Costa ponderou que a segmentação do saber em áreas isoladas acabou traindo o sentido mais basal da universidade: o de reconhecer e acolher a diversidade de conhecimento. O resultado deste processo foi, segundo ele, uma profunda desunião da comunidade acadêmica. “Não há diálogo [entre as áreas]. Fala-se muito em interdisciplinaridade, mas realiza-se pouco.” O professor condenou ainda o fato de grande parte das políticas públicas atuarem para segmentar ainda mais o conhecimento em vez de universalizá-lo.

“Em relação à interdisciplinaridade, o Brasil está na frente do mundo todo”, contrapôs Adelaide Alario, professora de bioquímica e biofísica da Universidade Federal do ABC (UFABC). Ela integrou o Comitê Multidisciplinar de Pós-Graduação da Coordenação de Aperfeiçoamento de Pessoal de Nível Superior (Capes) de 2000 a 2008. Relatou que, durante seu tempo de atuação no órgão, muitos projetos de pós graduação que permeavam mais de uma área foram aprovados sob a categorização de “multidisciplinares”. Afirmou que o Brasil foi o primeiro país a promover este tipo de incentivo.

Rubens Russomanno Ricciardi
Rubens Ricciardi: “Não há coerência na afirmação de que a arte só tem significância se estiver atrelada a um processo de pesquisa”

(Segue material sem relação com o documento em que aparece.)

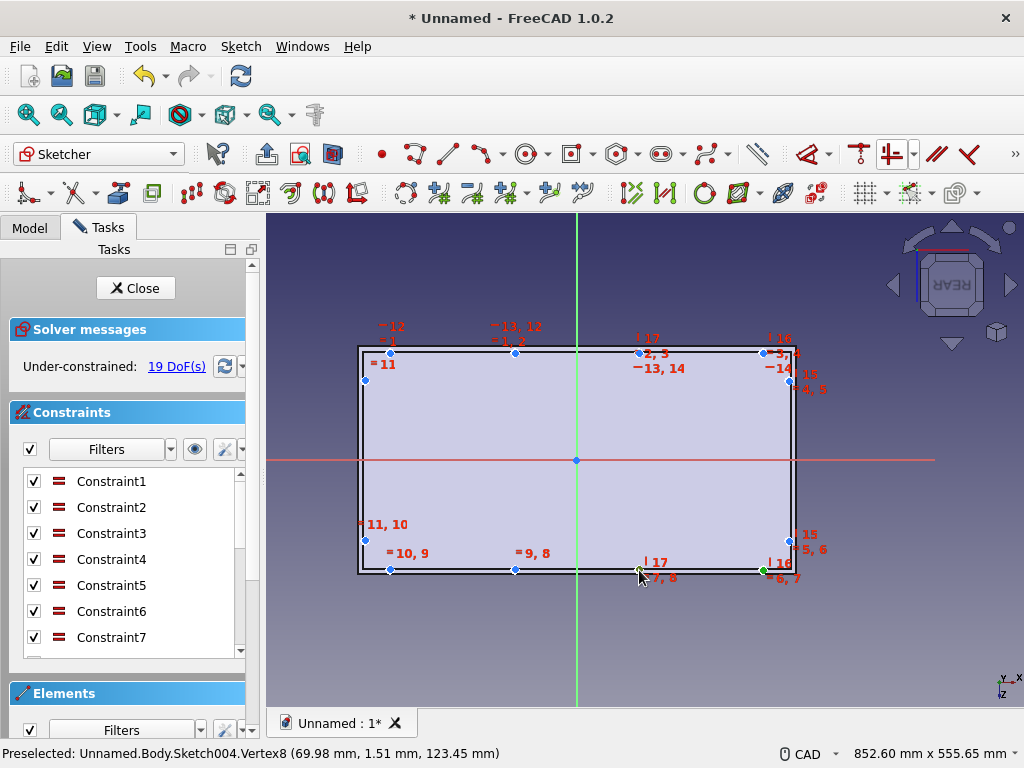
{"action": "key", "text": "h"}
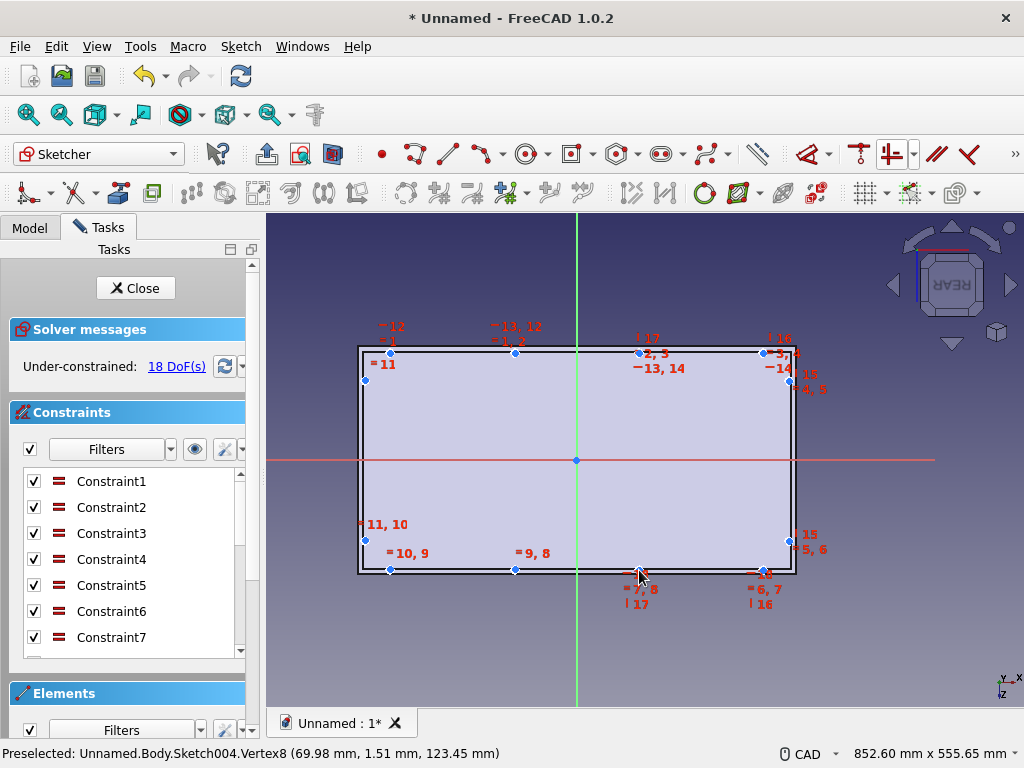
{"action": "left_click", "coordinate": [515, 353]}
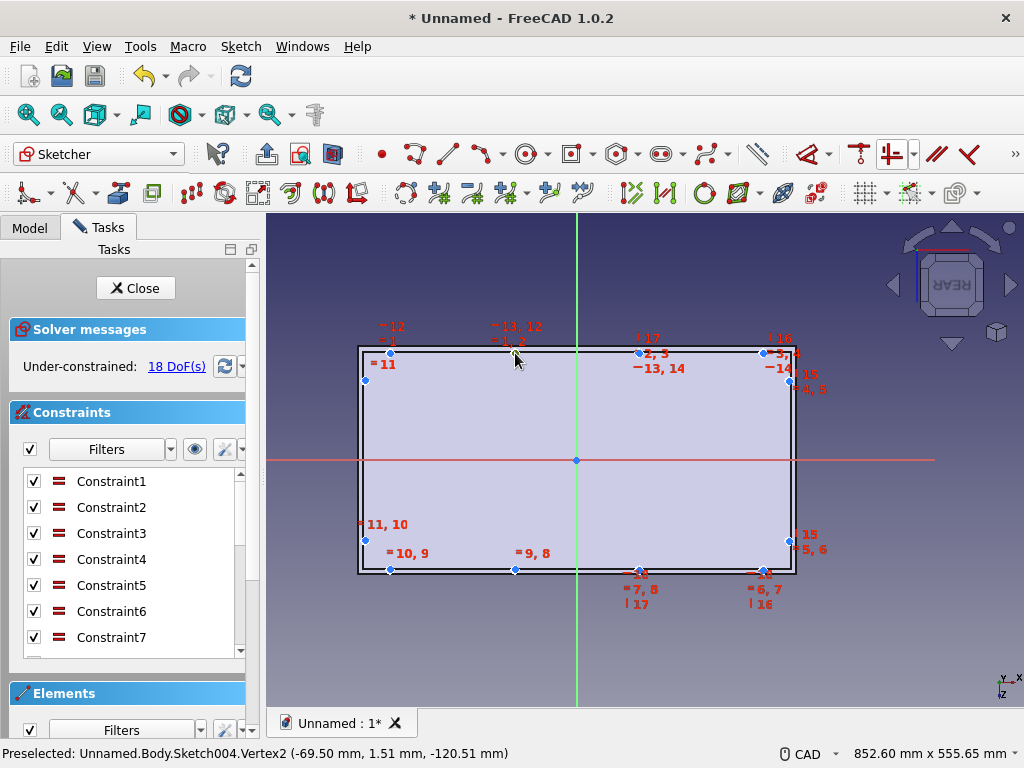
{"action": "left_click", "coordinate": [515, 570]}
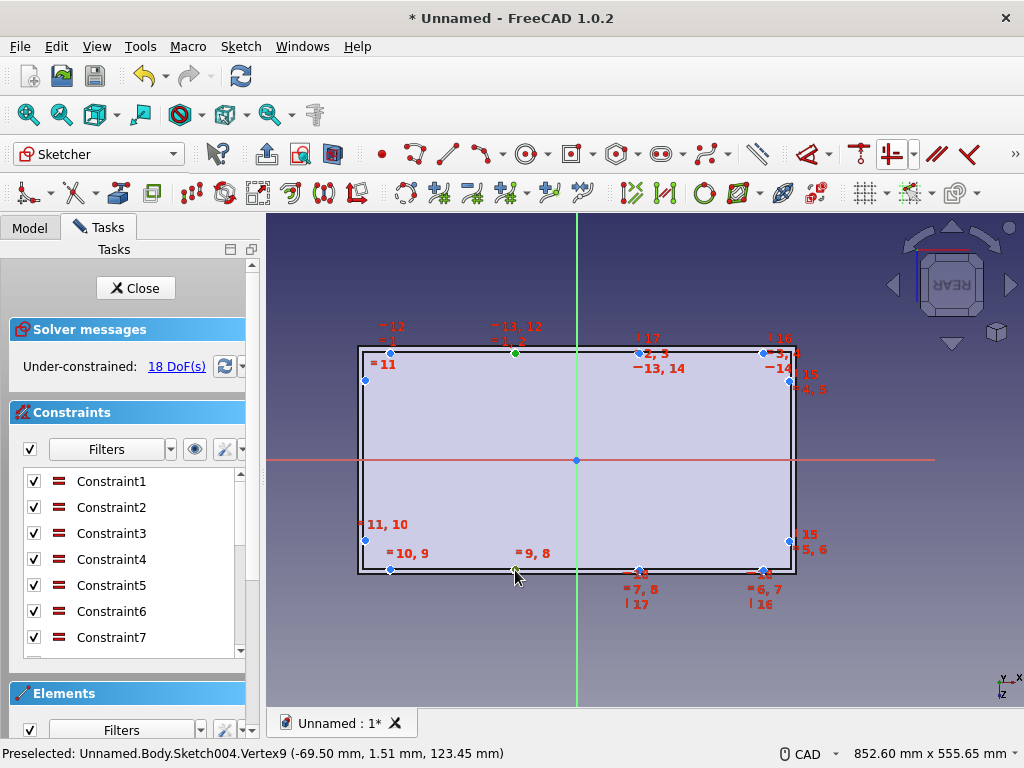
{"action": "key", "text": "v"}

Poveda destacou a necessidade de instigar os docentes a aplicar com maior afinco a interdisciplinaridade no cotidiano da universidade. “Como docentes, até que ponto introduzimos a interdisciplinaridade na rotina de nossos alunos?”, questionou. Ele reconheceu, porém, a dificuldade que os professores têm de abandonar o “ninho” de suas próprias áreas: “somos reféns da educação que recebemos”.

“Este seminário constitui uma oportunidade para indicar a necessidade de mudança de mentalidade no campo da pesquisa científica, tecnológica e de inovação. Talvez uma espécie de virada conceitual e hermenêutica”, concluiu a professora Icleia Thiesen. Para ela, o encontro tem potencial para ser um ponto de partida para a rediscussão do que seria de fato uma ciência comprometida com a sociedade.